Price movement = price(t) – price(t-1)

Under ideal situations, if current price is above $1, it should decrease in the next interval to return to the peg. If current price is below $1, it should increase. Based on this, generate a list of TRUE/FALSE indicators of whether price is moving in the right direction towards the peg in the next interval. This is the directional change of prices.

Fig 2. Directional change of FRAX

We see that price is moving in the direction back to pegged value most of the time. There is no significant difference between deviations in positive or negative too, demonstrating a good price maintenance mechanism, hence low financial risk.

**Comparison of risk**

The price deviation method provides a simple way of conducting financial risk analysis. We can apply the same procedure to a range of tokens using data of the same granularity and time period to make a comparison between tokens, or to apply it across different time periods of the same token to see how financial risk level may have changed over time. Below is an example for comparison of 12 different stablecoins from Nov 2021 to Feb 2022.

Fig 3. Price deviation results of 12 different stablecoins

Numbers in red represent values that indicate higher financial risk, while numbers in green represent lower financial risk. We see that for all tokens compared, the price maintaining mechanism are working well most of the times. A brief comparisons of the numbers shows that BUSD and FEI have relatively lower level of financial risk, while LUSD and UST face higher level of financial risk. Across categories, stablecoins backed with off-chain fiat collaterals also have the best ability in maintaining the price peg.

**Potential problems**

Despite the simplicity to use, we should also be aware of the potential issues with using the price deviation method for financial risk estimation. The most major problem is that analysis result is highly impacted by the choice of data, in both length of time period and frequency of prices used.

Using data of a shorter time frame may give overly optimistic result on the token’s ability in maintaining price at its pegged value, especially if there has not been a market shock in that time. Meanwhile, using longer time period can ensure our analysis accounts for more events and price reactions, but overly long time period that extends into different stages of the token’s development may also be less relevant, if our focus is to estimate risk in short terms.

In addition, frequency of data used is also significantly relevant to the accuracy of analysis. If we use data in a daily or hourly frequency, the price at point of capture are actually not reflecting the immediate impact of the price maintaining mechanism as there could be many price movements in between the time points.

**Conclusion**

This article provides a possible method for analysing financial risk exposures of stablecoins that can be applied across all categories. The stablecoin market today is actively growing with new algorithms to peg token price to a fixed value, and the wide variety of assets used as collaterals are adding to the difficulty of conducting a standardised quantitative analysis. Together with qualitative analysis on the token design, price deviations evaluates the effectiveness of these mechanisms under real market situation and allow us to understand the risk levels faced by tokens better.

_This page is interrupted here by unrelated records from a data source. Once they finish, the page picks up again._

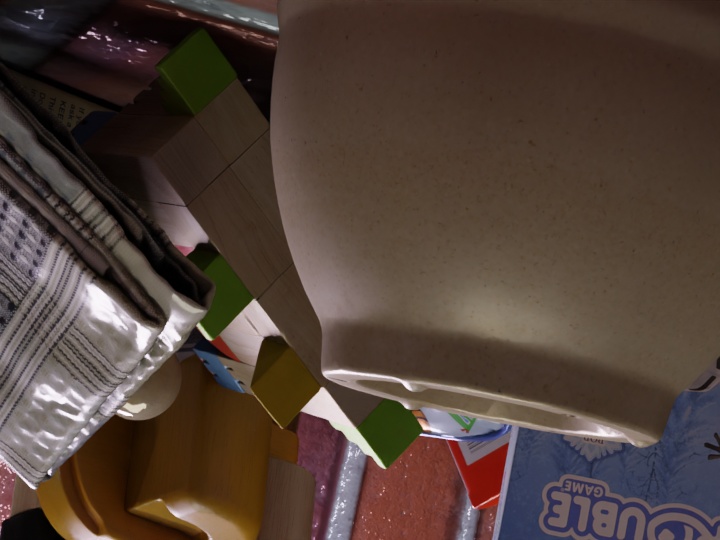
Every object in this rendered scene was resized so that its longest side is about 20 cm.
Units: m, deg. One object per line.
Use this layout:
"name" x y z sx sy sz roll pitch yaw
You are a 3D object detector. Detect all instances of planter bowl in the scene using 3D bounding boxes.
"planter bowl" 0.056 -0.015 0.658 0.199 0.136 0.200 11 173 1

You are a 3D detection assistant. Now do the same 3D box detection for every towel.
"towel" -0.168 -0.010 0.796 0.193 0.035 0.200 47 139 1

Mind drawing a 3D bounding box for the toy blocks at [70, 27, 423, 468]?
"toy blocks" -0.061 -0.011 0.839 0.200 0.100 0.136 54 158 -25

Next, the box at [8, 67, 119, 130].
"box" -0.206 -0.044 0.993 0.175 0.097 0.199 4 169 43

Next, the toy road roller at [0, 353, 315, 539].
"toy road roller" -0.082 0.114 0.980 0.199 0.124 0.146 27 145 -37

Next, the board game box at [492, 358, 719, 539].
"board game box" 0.167 0.063 0.819 0.199 0.200 0.043 11 173 2

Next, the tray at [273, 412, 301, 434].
"tray" -0.079 0.053 1.115 0.098 0.201 0.037 12 174 -6

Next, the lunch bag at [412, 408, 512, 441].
"lunch bag" 0.000 0.000 0.918 0.199 0.076 0.161 2 131 44

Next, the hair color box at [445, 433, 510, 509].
"hair color box" 0.126 0.080 1.175 0.061 0.102 0.199 -33 161 34

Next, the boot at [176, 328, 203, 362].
"boot" -0.072 0.017 1.072 0.199 0.091 0.073 -6 169 -14

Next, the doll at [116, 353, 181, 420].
"doll" -0.143 -0.016 0.839 0.136 0.048 0.201 -2 123 58
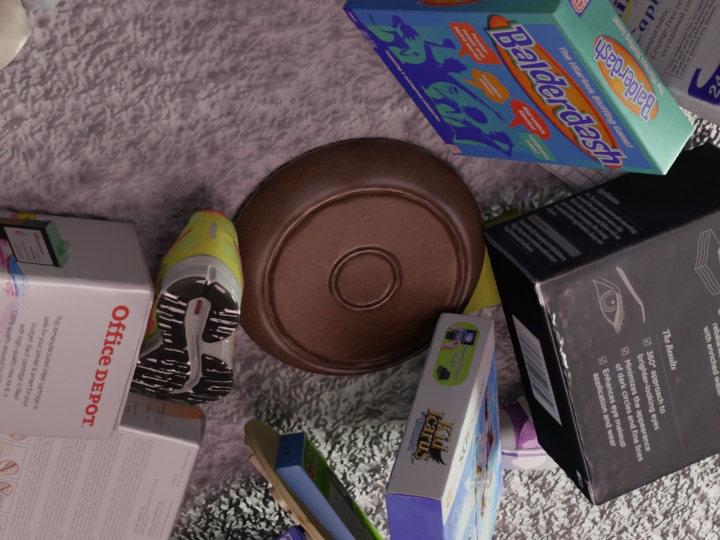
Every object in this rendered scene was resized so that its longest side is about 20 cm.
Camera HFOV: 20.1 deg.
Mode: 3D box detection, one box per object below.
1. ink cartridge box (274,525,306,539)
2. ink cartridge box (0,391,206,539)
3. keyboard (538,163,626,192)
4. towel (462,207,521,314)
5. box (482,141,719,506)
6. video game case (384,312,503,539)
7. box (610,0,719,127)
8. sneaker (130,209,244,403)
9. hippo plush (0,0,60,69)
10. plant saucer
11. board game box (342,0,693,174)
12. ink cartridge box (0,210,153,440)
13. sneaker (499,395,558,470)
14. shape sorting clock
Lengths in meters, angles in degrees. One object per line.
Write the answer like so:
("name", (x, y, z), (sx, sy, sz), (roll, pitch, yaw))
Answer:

Similar to all other risk analysis, the key point is to always have a clear goal in mind. In order to come up with a meaningful conclusion, time frame and interval of data should be carefully chosen to meet the goals of analysis. Significant irregularities should also be matched with market happenings, to uncover the reasons behind such events. Although market conditions are unlikely to replicate in future and we should not expect impact to be the same if such events occur again, they would provide valuable tools for future risk estimation and projection.